The panel at the summit echoed Crowley’s concerns, especially since some of the harm may already be in motion.

“Decisions are being made now based on the legislation that passed over a year ago,” explained Amy Rick, Chair of the IRA Orphan Task Force. “I fear problems have already arisen and we will be struggling with those decisions for 10 years.”

“For rare disease drug development, you have to create incentives to bring a product to market and you have to unlock incentives for this really complex work,” said Karin Hoelzer of the National Organization of Rare Disorders (NORD).

“The problem now is that the way the IRA is written,” Hoelzer went on to explain, “once these orphan drugs apply for a second designation, even though there is no revenue associated with it, they will become negotiable. We think that it has a tremendous chilling effect on the pipeline, in particular for the small biotech where we get a lot of really big innovation in the orphan drug space.”

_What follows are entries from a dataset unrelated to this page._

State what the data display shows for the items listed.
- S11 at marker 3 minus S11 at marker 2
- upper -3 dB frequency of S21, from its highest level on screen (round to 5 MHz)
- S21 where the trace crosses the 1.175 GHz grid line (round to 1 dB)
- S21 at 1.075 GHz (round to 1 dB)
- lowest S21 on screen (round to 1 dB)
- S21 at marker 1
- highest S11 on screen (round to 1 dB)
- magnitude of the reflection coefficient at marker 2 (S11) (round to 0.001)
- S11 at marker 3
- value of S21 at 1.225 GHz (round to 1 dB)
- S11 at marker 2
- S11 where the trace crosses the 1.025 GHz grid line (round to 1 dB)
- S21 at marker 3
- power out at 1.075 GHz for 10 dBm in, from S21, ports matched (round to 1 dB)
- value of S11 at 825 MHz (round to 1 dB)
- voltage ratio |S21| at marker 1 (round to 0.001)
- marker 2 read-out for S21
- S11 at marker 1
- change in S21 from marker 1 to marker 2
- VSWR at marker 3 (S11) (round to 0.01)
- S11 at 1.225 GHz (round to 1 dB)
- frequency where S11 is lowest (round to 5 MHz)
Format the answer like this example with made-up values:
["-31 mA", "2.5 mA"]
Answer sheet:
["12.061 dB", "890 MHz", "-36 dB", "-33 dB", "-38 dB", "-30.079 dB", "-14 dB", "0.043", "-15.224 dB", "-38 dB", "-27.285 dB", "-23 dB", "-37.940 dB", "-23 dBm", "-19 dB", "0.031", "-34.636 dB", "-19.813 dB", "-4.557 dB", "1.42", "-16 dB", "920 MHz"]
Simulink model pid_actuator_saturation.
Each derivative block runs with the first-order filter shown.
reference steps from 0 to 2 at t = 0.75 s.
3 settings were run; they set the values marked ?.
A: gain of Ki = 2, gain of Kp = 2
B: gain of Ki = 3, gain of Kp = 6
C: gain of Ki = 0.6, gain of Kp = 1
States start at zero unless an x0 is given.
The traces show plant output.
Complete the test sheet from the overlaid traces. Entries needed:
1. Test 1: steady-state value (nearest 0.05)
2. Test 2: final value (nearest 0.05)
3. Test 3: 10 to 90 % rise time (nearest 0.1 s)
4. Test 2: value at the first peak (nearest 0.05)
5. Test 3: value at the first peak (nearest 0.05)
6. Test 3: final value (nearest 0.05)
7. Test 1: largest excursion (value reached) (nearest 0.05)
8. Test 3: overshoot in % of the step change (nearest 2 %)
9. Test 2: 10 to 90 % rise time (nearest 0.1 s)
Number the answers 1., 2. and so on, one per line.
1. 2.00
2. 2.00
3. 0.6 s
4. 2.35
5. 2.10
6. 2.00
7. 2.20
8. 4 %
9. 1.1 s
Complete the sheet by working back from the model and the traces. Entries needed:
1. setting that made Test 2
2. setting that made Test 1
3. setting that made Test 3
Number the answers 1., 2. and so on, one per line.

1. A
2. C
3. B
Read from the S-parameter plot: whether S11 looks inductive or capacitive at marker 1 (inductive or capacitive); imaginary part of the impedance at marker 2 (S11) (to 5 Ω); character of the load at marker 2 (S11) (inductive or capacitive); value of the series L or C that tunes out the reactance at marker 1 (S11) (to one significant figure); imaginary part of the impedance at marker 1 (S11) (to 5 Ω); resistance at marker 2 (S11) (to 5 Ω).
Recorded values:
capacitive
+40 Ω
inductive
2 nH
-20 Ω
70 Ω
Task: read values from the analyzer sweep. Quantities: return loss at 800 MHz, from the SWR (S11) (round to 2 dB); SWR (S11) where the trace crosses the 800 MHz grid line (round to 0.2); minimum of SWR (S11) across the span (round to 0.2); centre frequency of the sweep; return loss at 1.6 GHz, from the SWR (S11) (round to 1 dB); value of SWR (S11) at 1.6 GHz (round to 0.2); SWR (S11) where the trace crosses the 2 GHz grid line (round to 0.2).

“My main concern about the IRA is those 95% of patients that have no treatment right now will have to wait longer,” echoed Jamie Sullivan of the EveryLife Foundation for Rare Diseases. “And our mission is to get people the right treatment at the earliest possible moment. It’s a big concern for our organization.”

The importance of engaging with CMS

Much of the panelists’ work is oriented towards educating the Centers for Medicare and Medicaid Services (CMS) on the struggles associated with the orphan drug exclusion of the IRA.

“We’ve been working very closely with CMS for the last year to year and a half,” said Sullivan.

CMS has been receptive to the organization’s concerns and education, holding a listening session in which patients were able to speak for 3 minutes each about their concerns and needs, she explained. 

“We have been tremendously thankful to CMS for these sessions and will be continuing them,” she said.

“One thing we really stress when talking about the issues in the IRA is in the value area,” added Sullivan. “And while CMS is prohibited by legislation from considering QALYs [Quality-Adjusted Life Years] in their value calculation, because of the nature of QALY and that they treat the life of a disabled person as less than a non-disabled, then they have effectively been banned from using QALYs in their negotiation process.”

“So, the question becomes, should they be looking at values? And so, we really urge CMS to work with the groups that are out here in the patient community that have been really putting effort behind developing patient-driven metrics of value and look at the full scope of the value of drug,” she continued.

How to combat the unintended consequences of the IRA

Something needs to be done to combat the chilling effect on the industry. Already, some companies have stopped research in the orphan drug space and VCs are pulling out of investments in rare disease drug development. The nuts and bolts of the industry have clearly reflected the issues; with this exclusion, investment and innovation are simply not as viable an option. 

Nonetheless, biotech CEOs, patient advocates, and everyone in between are not going to let this issue go any time soon.

“There is some momentum for resolving this issue,” said the IRA Orphan Task Force’s Rick. “We are still very optimistic because there’s bipartisan support. On September 18, representatives introduced legislation that is focused very specifically on the incentives for rare research and development for orphan drugs….and it was introduced soon after the CMS final guidance came out on the very last day of June.”

“The fact that this was introduced in September makes us very, very optimistic about gaining bipartisan momentum,” concluded Rick.